Among the lines below, a stretch begins at the one with "Answer: 20% Which generation" and ends at the one with "Answer: 5th generation". Repeat that stretch exactly, ends included.

Dataset entries

|---|

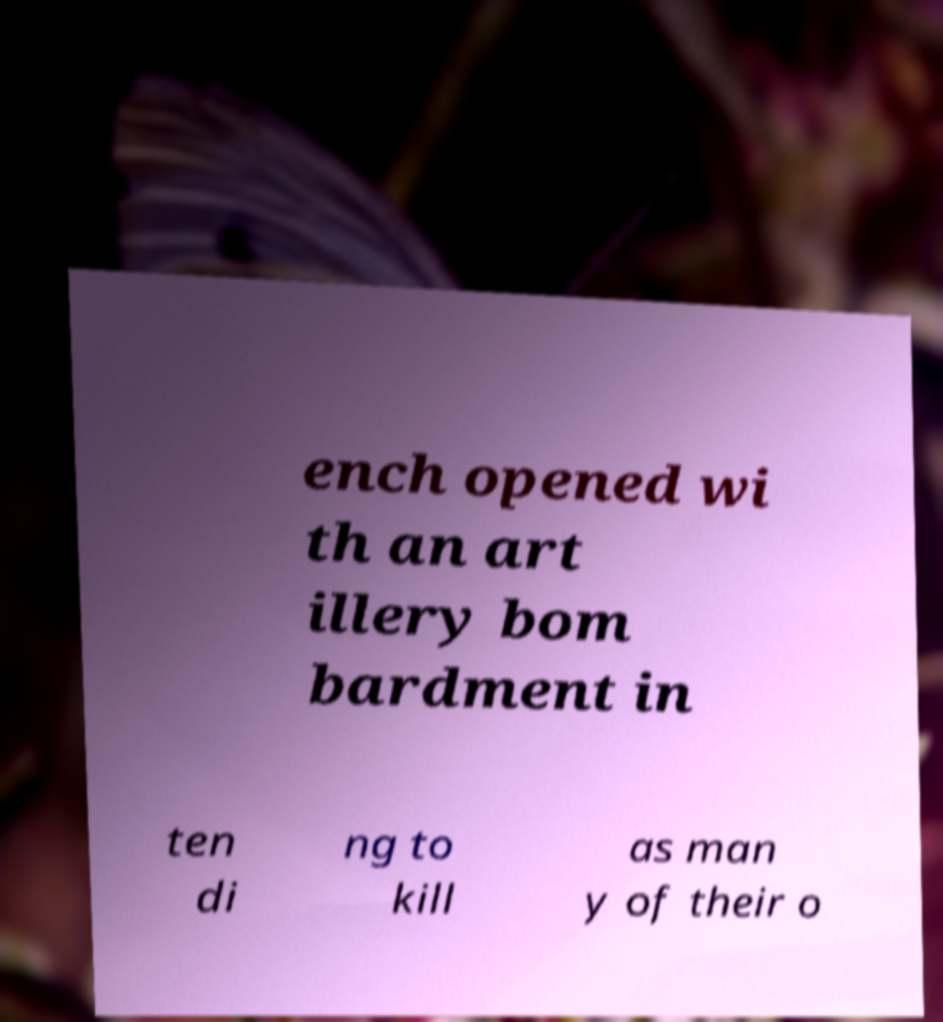Can you read and provide the text displayed in the image?This photo seems to have some interesting text. Can you extract and type it out for me? ench opened wi th an art illery bom bardment in ten di ng to kill as man y of their o 
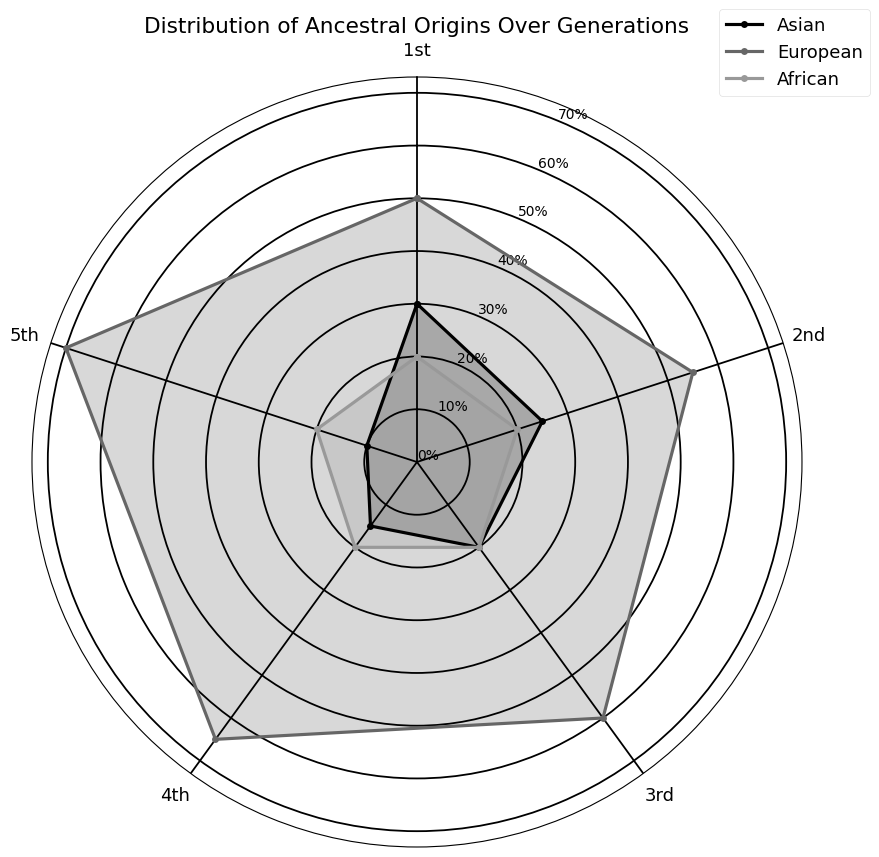what percentage of our ancestors in the 3rd generation are Asian? In the figure, find the segment that represents the 3rd generation and identify the percentage for the Asian origin.
Answer: 20% Which generation shows the highest percentage of European ancestry? In the figure, review each generation and their respective percentage of European ancestry. The highest is for the 5th generation.
Answer: 5th generation Does the percentage of African ancestry change over the generations? Examine the percentage values for African ancestry in each generation on the figure. Since all the values remain 20%, they do not change.
Answer: No Compare the Asian ancestry in the 1st and 5th generations. Which one is higher? Look at the percentages of Asian ancestry in both the 1st (30%) and 5th (10%) generations and compare them. The 1st is higher.
Answer: 1st generation What is the trend for European ancestry over the generations? Observe the percentages for European ancestry from the 1st to the 5th generation. It consistently increases with each subsequent generation.
Answer: Increasing trend Calculate the average percentage of African ancestry over all generations. Add the percentages for African ancestry across all generations and divide by the number of generations (20% * 5 = 100%, 100% / 5 = 20%).
Answer: 20% Which ancestral origin has the smallest percentage in the 4th generation? Identify the smallest percentage among the ancestral origins in the 4th generation by comparing Asian (15%), European (65%), and African (20%). Asian is the smallest.
Answer: Asian What is the difference in European ancestry percentage between the 2nd and 3rd generations? Subtract the percentage of European ancestry in the 2nd generation (55%) from that in the 3rd generation (60%). The difference is 5%.
Answer: 5% List the ancestral origins in the 1st generation in descending order of their percentages. Order the percentages of Asian (30%), European (50%), and African (20%) ancestries in the 1st generation from highest to lowest.
Answer: European, Asian, African Is the percentage of Asian ancestry higher in the 2nd generation or the 4th generation? Compare the Asian ancestry percentages in the 2nd generation (25%) and the 4th generation (15%). The 2nd generation is higher.
Answer: 2nd generation 
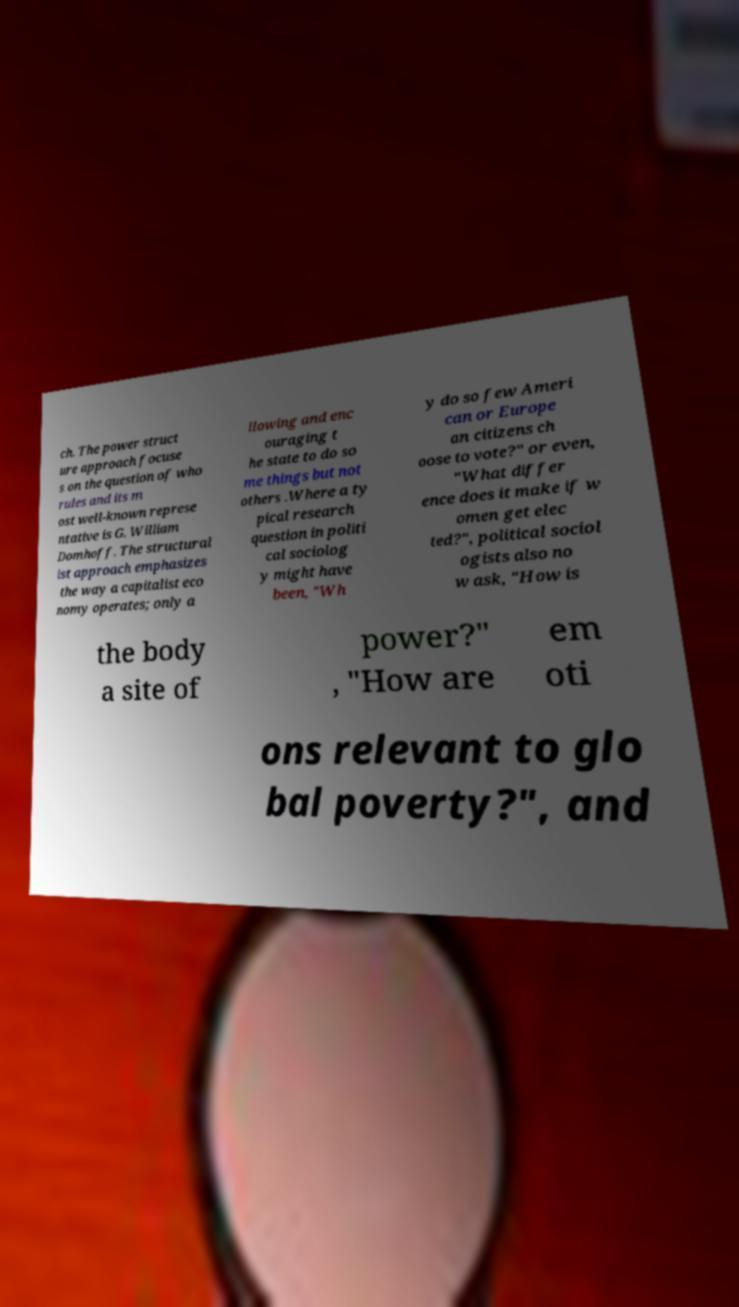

|---|

● Solved problem
Answer: 20% Which generation shows the highest percentage of European ancestry? In the figure, review each generation and their respective percentage of European ancestry. The highest is for the 5th generation.
Answer: 5th generation Does the percentage of African ancestry change over the generations? Examine the percentage values for African ancestry in each generation on the figure. Since all the values remain 20%, they do not change.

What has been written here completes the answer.